Albino pheasants are trophies
By Sandy Bond
The peace, the quiet and the solitude, and seeing his Labradors, Maggie and Pepper, work the pheasant are what Al Schorg of Selby loves about pheasant hunting.
Pheasant season ended last week and Al and Maggie have added another rare albino pheasant to the tally, for a total of six. He bagged one that had a somewhat dusky shade of white with tan, but doesn’t call that a true albino.
“It’s the same thing as some people are obsessed with pursuing the biggest buck,” he said.
The first time or two, he concedes, it was somewhat of a fluke, but now he actively searches for them. “ I believe that it’s probably somewhat of a genetic mutation,” he said, “because I bagged them all in the same area.”
He politely declines to say where that may be.
Over the years, his interest in hunting whitetail deer with a rifle or bow declined and his interest in pheasant hunting only increased.
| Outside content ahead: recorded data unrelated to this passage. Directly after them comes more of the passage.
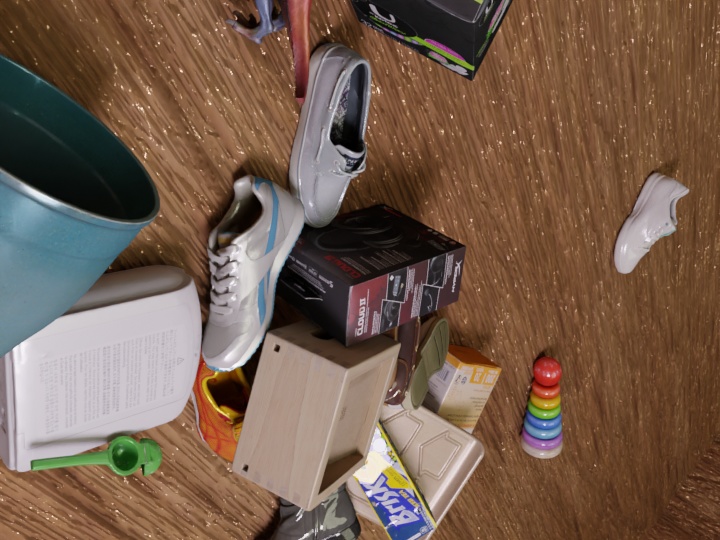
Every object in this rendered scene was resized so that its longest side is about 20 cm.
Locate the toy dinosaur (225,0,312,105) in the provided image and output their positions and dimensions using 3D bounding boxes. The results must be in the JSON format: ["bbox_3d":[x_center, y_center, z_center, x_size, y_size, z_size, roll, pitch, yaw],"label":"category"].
[{"bbox_3d":[-0.042,-0.286,0.644,0.104,0.201,0.182,-26,164,-51],"label":"toy dinosaur"}]

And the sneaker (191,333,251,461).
[{"bbox_3d":[-0.151,0.164,0.851,0.073,0.077,0.203,-38,137,-24],"label":"sneaker"}]

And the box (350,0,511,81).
[{"bbox_3d":[0.071,-0.286,0.691,0.126,0.146,0.200,-62,173,4],"label":"box"}]

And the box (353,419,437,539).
[{"bbox_3d":[0.029,0.279,1.029,0.069,0.064,0.203,-29,103,0],"label":"box"}]

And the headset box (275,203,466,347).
[{"bbox_3d":[0.000,0.000,0.851,0.197,0.148,0.079,-16,124,-37],"label":"headset box"}]

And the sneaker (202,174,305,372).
[{"bbox_3d":[-0.127,0.002,0.768,0.080,0.075,0.204,31,71,-49],"label":"sneaker"}]

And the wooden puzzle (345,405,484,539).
[{"bbox_3d":[0.055,0.281,1.089,0.198,0.046,0.187,32,96,-11],"label":"wooden puzzle"}]

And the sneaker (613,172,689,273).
[{"bbox_3d":[0.558,-0.080,1.421,0.074,0.088,0.204,5,110,-48],"label":"sneaker"}]

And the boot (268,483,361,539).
[{"bbox_3d":[-0.100,0.338,1.025,0.196,0.068,0.133,-22,107,-14],"label":"boot"}]

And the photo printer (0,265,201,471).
[{"bbox_3d":[-0.244,0.085,0.711,0.197,0.069,0.170,-14,124,-41],"label":"photo printer"}]

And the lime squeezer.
[{"bbox_3d":[-0.239,0.182,0.731,0.200,0.069,0.039,61,32,-73],"label":"lime squeezer"}]

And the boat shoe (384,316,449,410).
[{"bbox_3d":[0.073,0.122,1.047,0.200,0.067,0.076,-44,128,-58],"label":"boat shoe"}]

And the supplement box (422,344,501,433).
[{"bbox_3d":[0.127,0.222,1.173,0.125,0.073,0.204,13,104,-47],"label":"supplement box"}]

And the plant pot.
[{"bbox_3d":[-0.277,-0.030,0.530,0.189,0.201,0.199,-49,141,13],"label":"plant pot"}]

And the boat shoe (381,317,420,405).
[{"bbox_3d":[0.044,0.071,0.960,0.070,0.069,0.204,36,59,-49],"label":"boat shoe"}]

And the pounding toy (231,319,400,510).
[{"bbox_3d":[-0.057,0.151,0.849,0.199,0.140,0.188,-12,120,-67],"label":"pounding toy"}]

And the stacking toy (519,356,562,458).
[{"bbox_3d":[0.357,0.258,1.432,0.084,0.085,0.204,-21,123,-35],"label":"stacking toy"}]

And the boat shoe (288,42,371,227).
[{"bbox_3d":[-0.028,-0.135,0.799,0.069,0.071,0.205,-14,122,-39],"label":"boat shoe"}]
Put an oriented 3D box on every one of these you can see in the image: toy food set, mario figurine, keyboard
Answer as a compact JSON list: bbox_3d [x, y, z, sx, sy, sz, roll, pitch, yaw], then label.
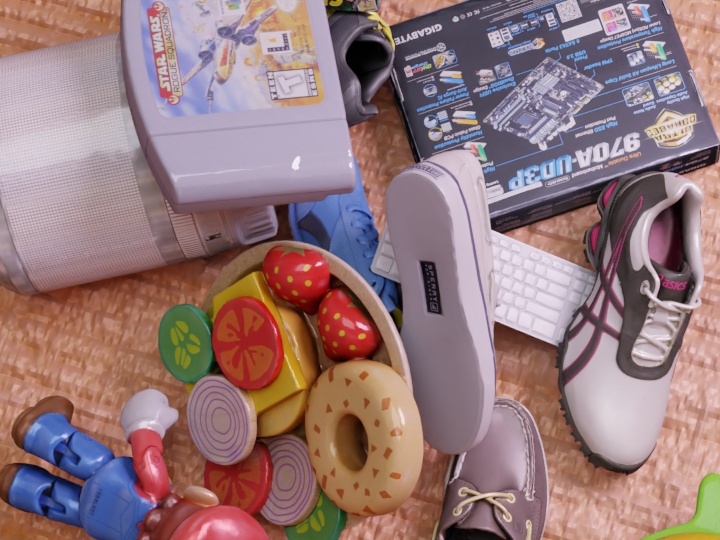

Growing up on the family farm near Clark owned by his mom and dad, Ronald and Evelyn, Al and his younger brother Lonnie literally followed in their dad’s footsteps, as he taught them the fundamentals of hunting and hunting safety.
Every fall when he was growing up in the 1960s, hunters from Arkansas would come to hunt land owned by his grandparents, Gladys and Tony Temple, who lived about a half mile from them. He believes they were instrumental in getting him hooked.
“Those were during the old ‘Soil Bank’ days, much like CRP, and the program provided excellent habitat. Pheasants were very plentiful,” he said.
“They would invite me to come along with them and walk the cornfields,” he said, “and help gather pheasant that they shot.”
Back then you had to be 12 years of age to hunt, he said, and he received his first shotgun, a 410 single barrel, from his folks when he turned 12. After that he was invited to hunt with them.
“Back then it was less about the quantity of birds that you got and more about the camaraderie during the hunt,” he said.
It was his friends, Bill Rosin with his Labradors and Terry Hettich with his English springer spaniels, who first got him started hunting with dogs, he said.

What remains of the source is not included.